Which cognitive bias findings are most robustly replicated?

The planning fallacy, anchoring effects, loss aversion, and framing effects have strong replication records. Reference class forecasting as a planning fallacy intervention has been replicated in applied settings. The availability heuristic's basic mechanism replicates well; specific quantitative claims about its effects are more variable.

What happened to ego depletion research?

Roy Baumeister's ego depletion effect—the idea that willpower is a limited resource that depletes with use—has faced serious replication challenges since 2016. A large multi-lab replication found minimal effects. Some researchers argue the original effects were real but smaller and more context-dependent than originally claimed. This does not directly affect the planning bias literature, but it is a useful reminder that even well-known findings require scrutiny.

Is the Dunning-Kruger effect real?

The basic finding—that people with less competence in a domain tend to overestimate their performance more than competent people do—is real but often overstated. Some of the original effect is a statistical artifact of regression to the mean. The more modest, accurate claim is that self-assessment of competence in unfamiliar domains is unreliable. This still has practical implications but is less dramatic than the popular framing.

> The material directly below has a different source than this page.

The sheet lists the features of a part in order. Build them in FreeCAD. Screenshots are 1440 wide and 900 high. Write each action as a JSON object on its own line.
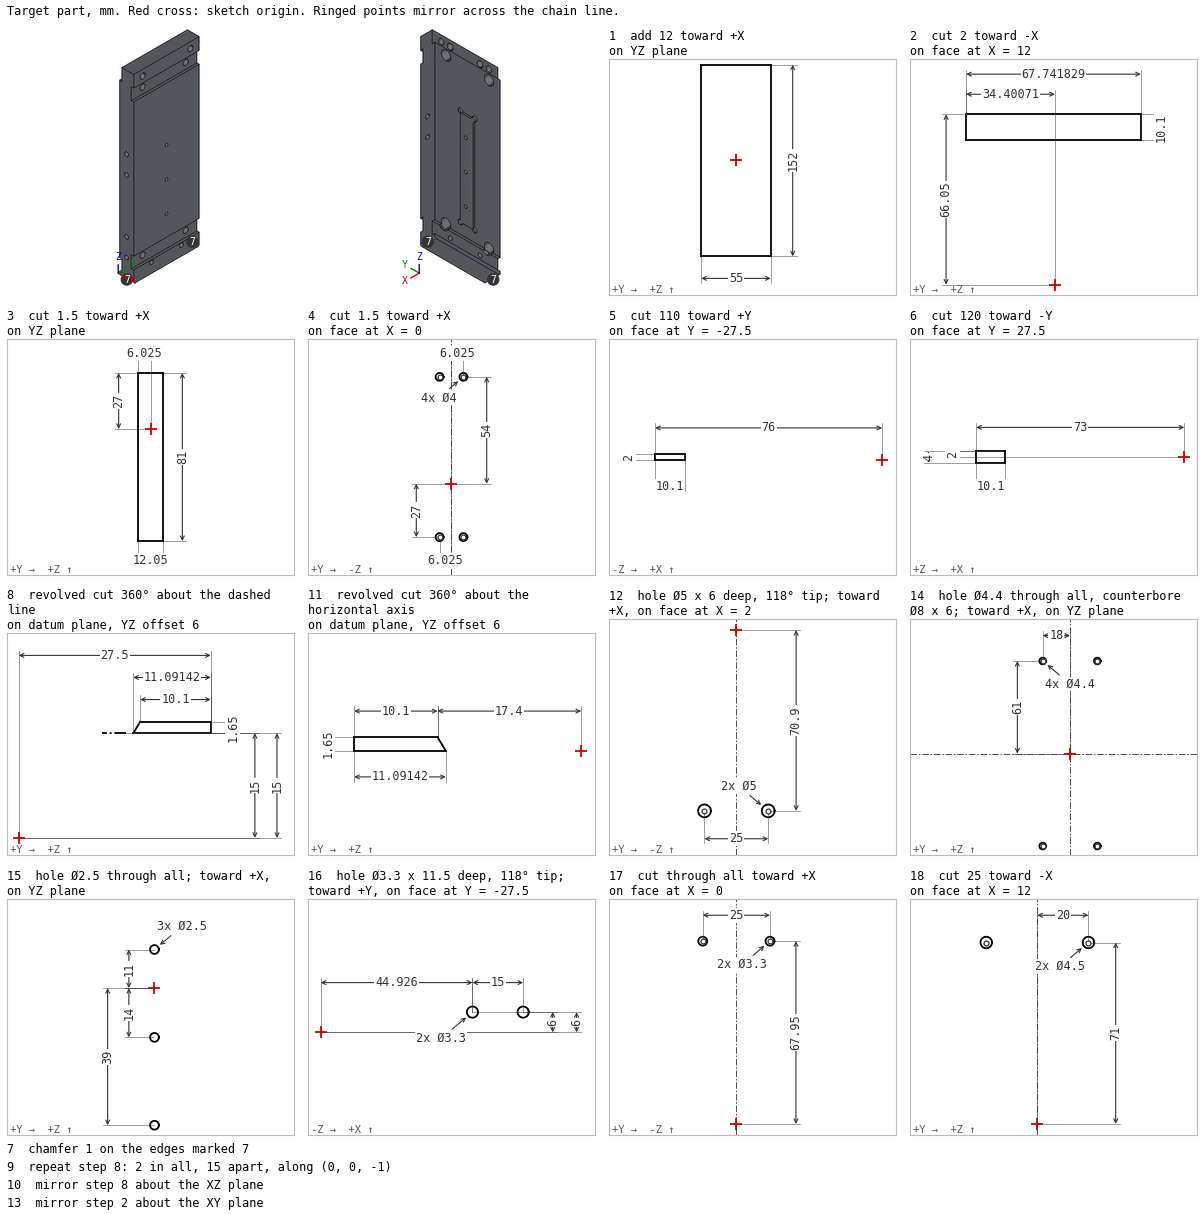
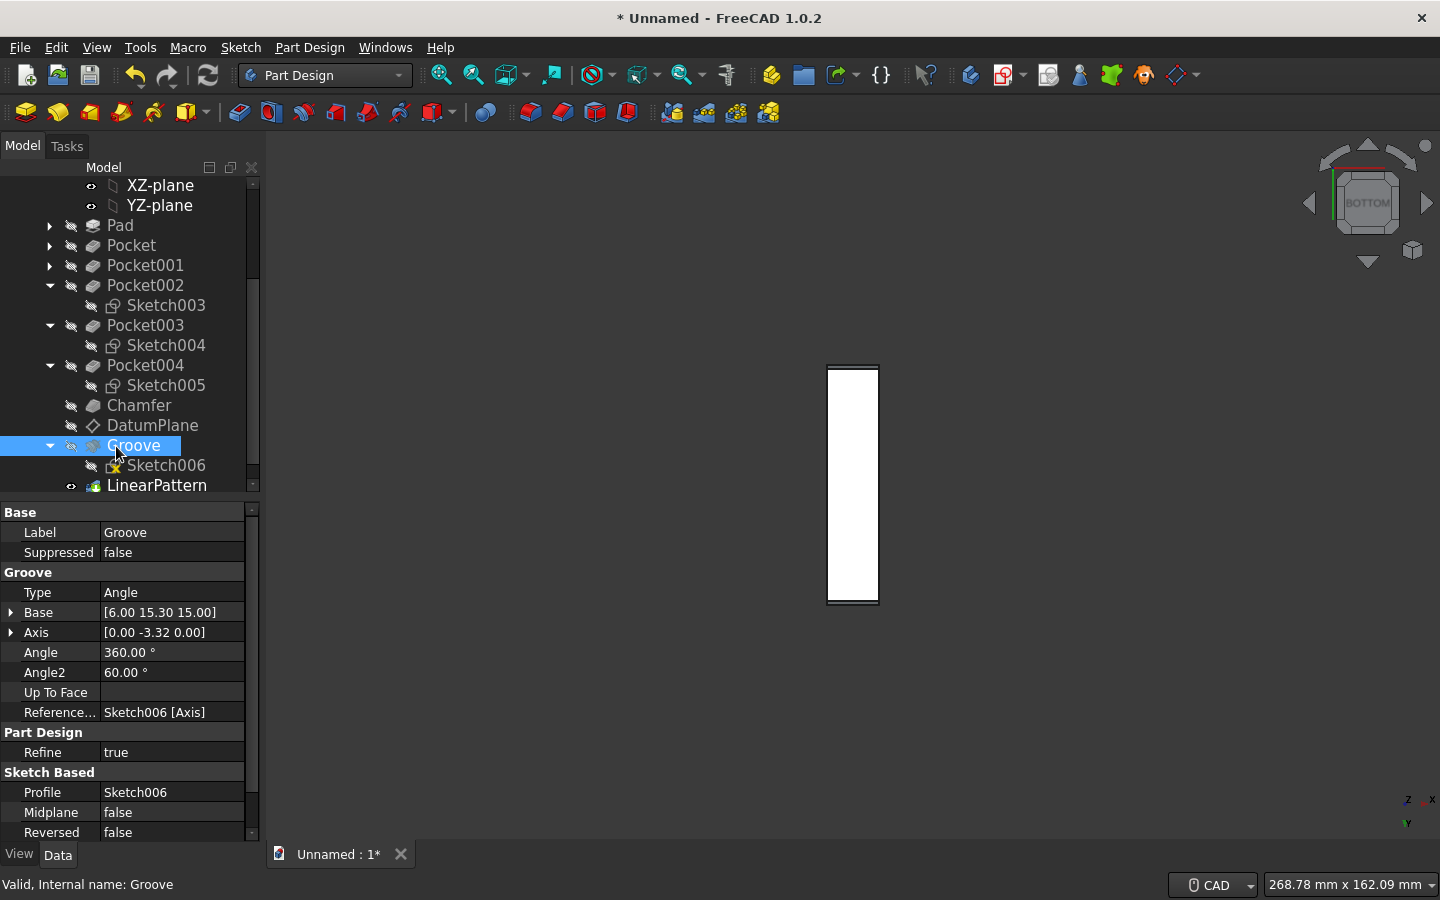
{"action": "left_click", "coordinate": [672, 112]}

The Research on Cognitive Bias in Planning: What the Evidence Actually Shows

The cognitive bias literature is one of the most widely cited bodies of research in popular productivity and business writing. It is also one of the most misrepresented.

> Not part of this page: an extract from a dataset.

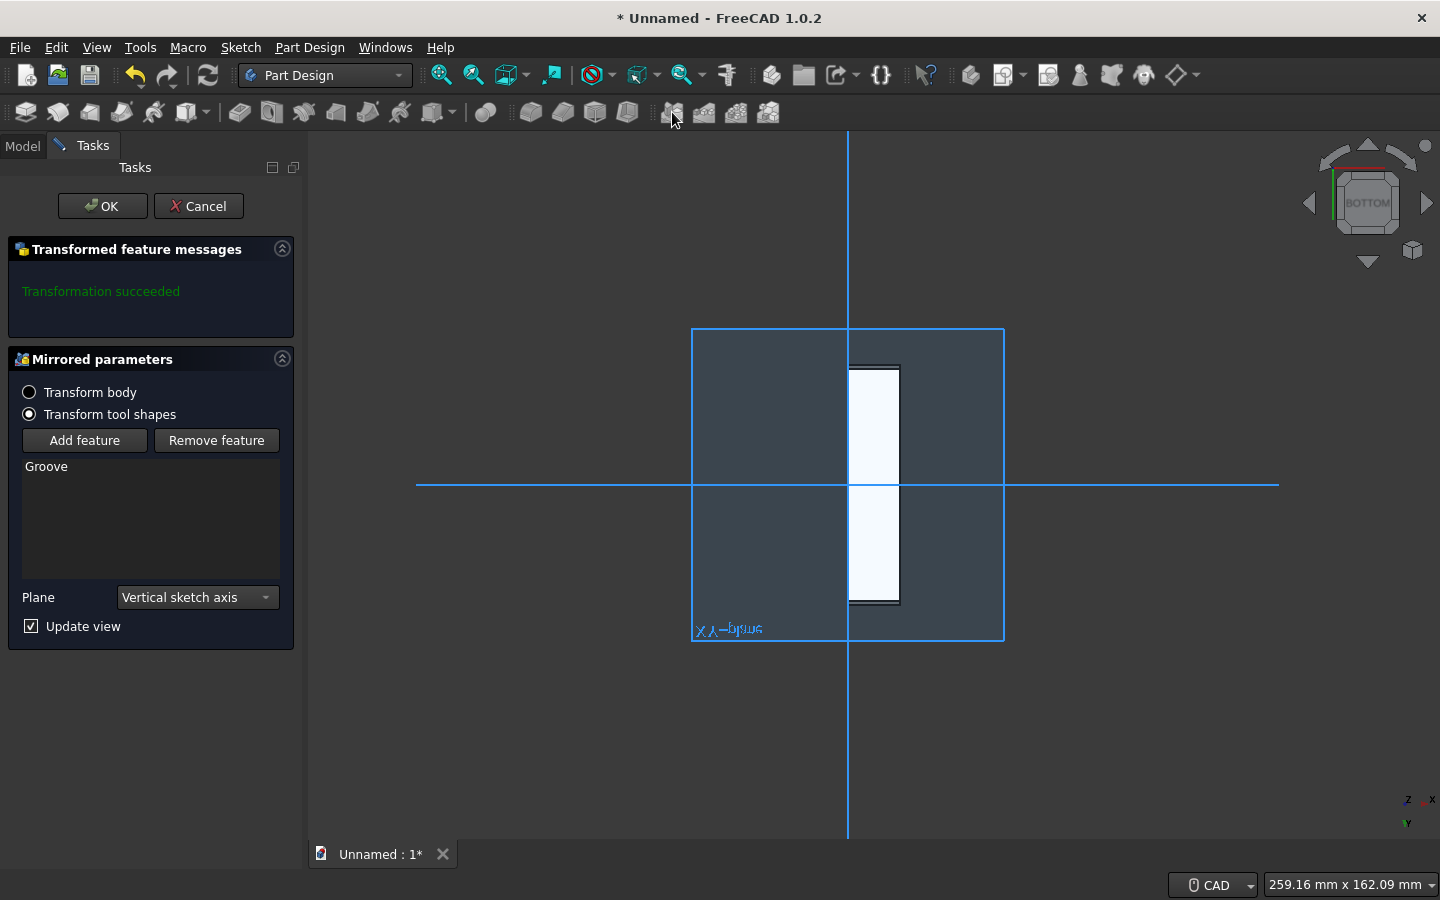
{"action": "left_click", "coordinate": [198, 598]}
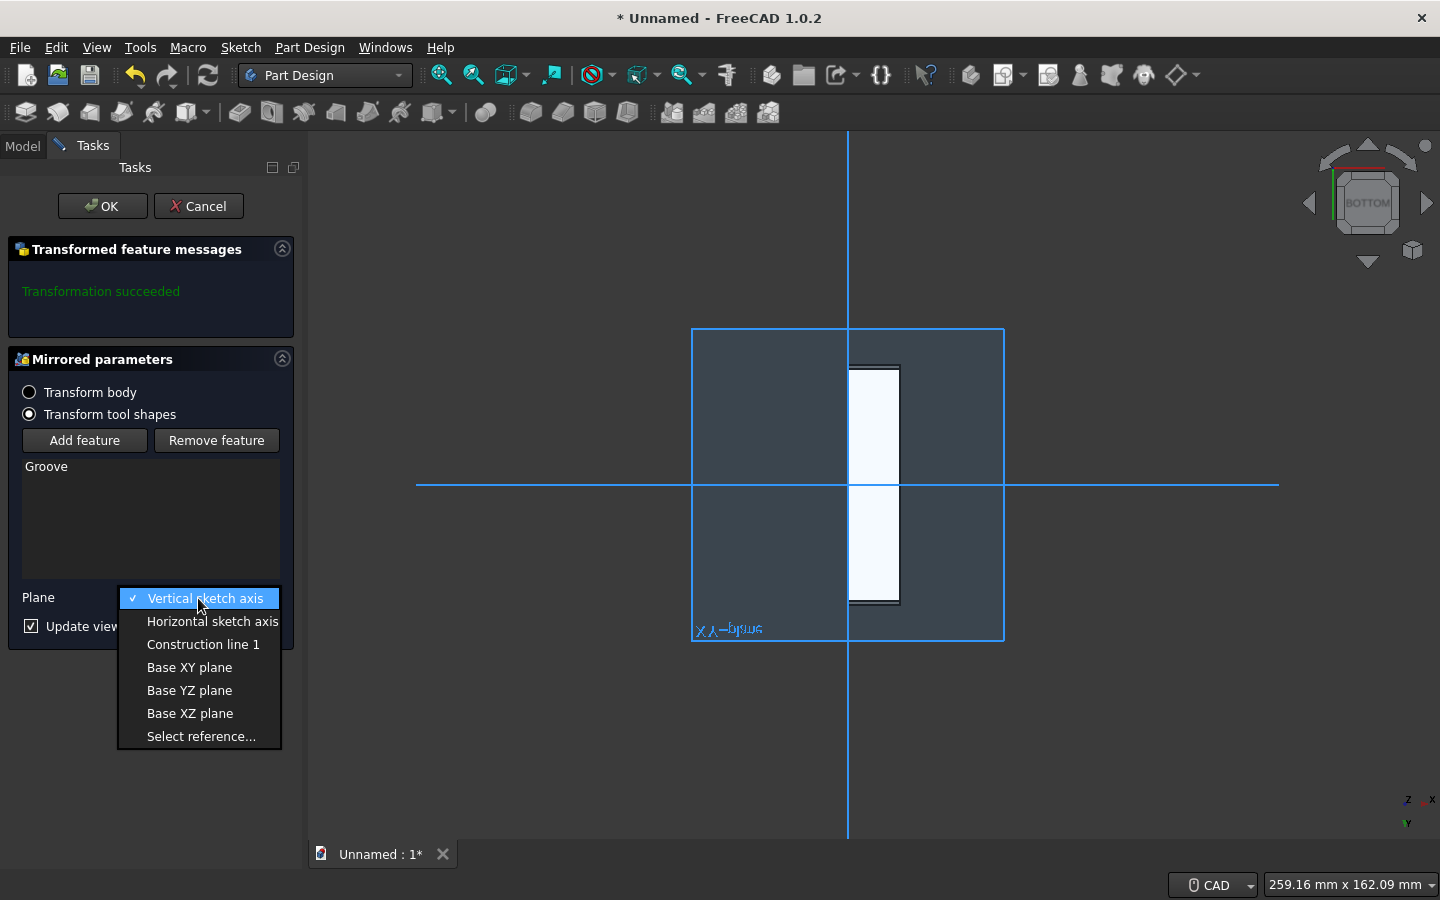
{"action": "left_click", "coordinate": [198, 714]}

Some findings are highly robust, replicated across cultures and methodologies, and have direct implications for how planners should work. Others are contested, have failed to replicate at scale, or have been overstated beyond what the original data supports.

This research digest covers the key studies and researchers behind the ten biases most relevant to planning, with an honest account of what the evidence actually supports.

Kahneman and Tversky: The Foundation

The modern cognitive bias literature traces to a series of papers by Daniel Kahneman and Amos Tversky published between 1971 and 1986. Their program of research—later termed “Judgment Under Uncertainty”—documented systematic, predictable errors in human probabilistic reasoning.

Their 1974 Science paper, “Judgment Under Uncertainty: Heuristics and Biases,” introduced three heuristics—representativeness, availability, and anchoring—that produce reliable judgment errors. This was genuinely novel: previous economic models assumed rational agents who processed probabilities accurately. Kahneman and Tversky demonstrated that actual human judgment deviated from rational predictions in consistent, mappable ways.

Their 1979 Econometrica paper, “Prospect Theory: An Analysis of Decision Under Risk,” proposed a formal model of how people actually make decisions under uncertainty. Key finding: losses are psychologically weighted roughly twice as heavily as equivalent gains. This asymmetry—loss aversion—explains a range of planning behaviors, including the sunk cost fallacy and status quo bias.

Kahneman’s 2011 book, Thinking, Fast and Slow, synthesized this work and introduced the System 1 / System 2 framework to a general audience. The book is accessible and reliable; it accurately represents the research rather than oversimplifying it, and Kahneman is careful to flag contested findings.

Replication status: The core Kahneman-Tversky findings—framing effects, loss aversion, anchoring, the planning fallacy—have strong replication records. The specific magnitude of effects varies across studies and populations, but the directional findings are robust.

The Planning Fallacy: Kahneman, Lovallo, and Flyvbjerg

The planning fallacy was introduced by Kahneman and Tversky in a 1979 paper and developed more extensively by Kahneman and Dan Lovallo in a 1993 Journal of Business paper. Their analysis identified the “inside view” versus “outside view” distinction: planners who focus on the specific features of their plan consistently underestimate while planners who use base rates from comparable past projects are more accurate.

Bent Flyvbjerg extended this work into applied settings in a series of papers from the early 2000s. His research on 258 large infrastructure projects found cost overruns in the majority of projects studied, with 9 in 10 projects experiencing overruns. His 2002 paper in the Journal of the American Planning Association is the most-cited applied work on planning fallacy.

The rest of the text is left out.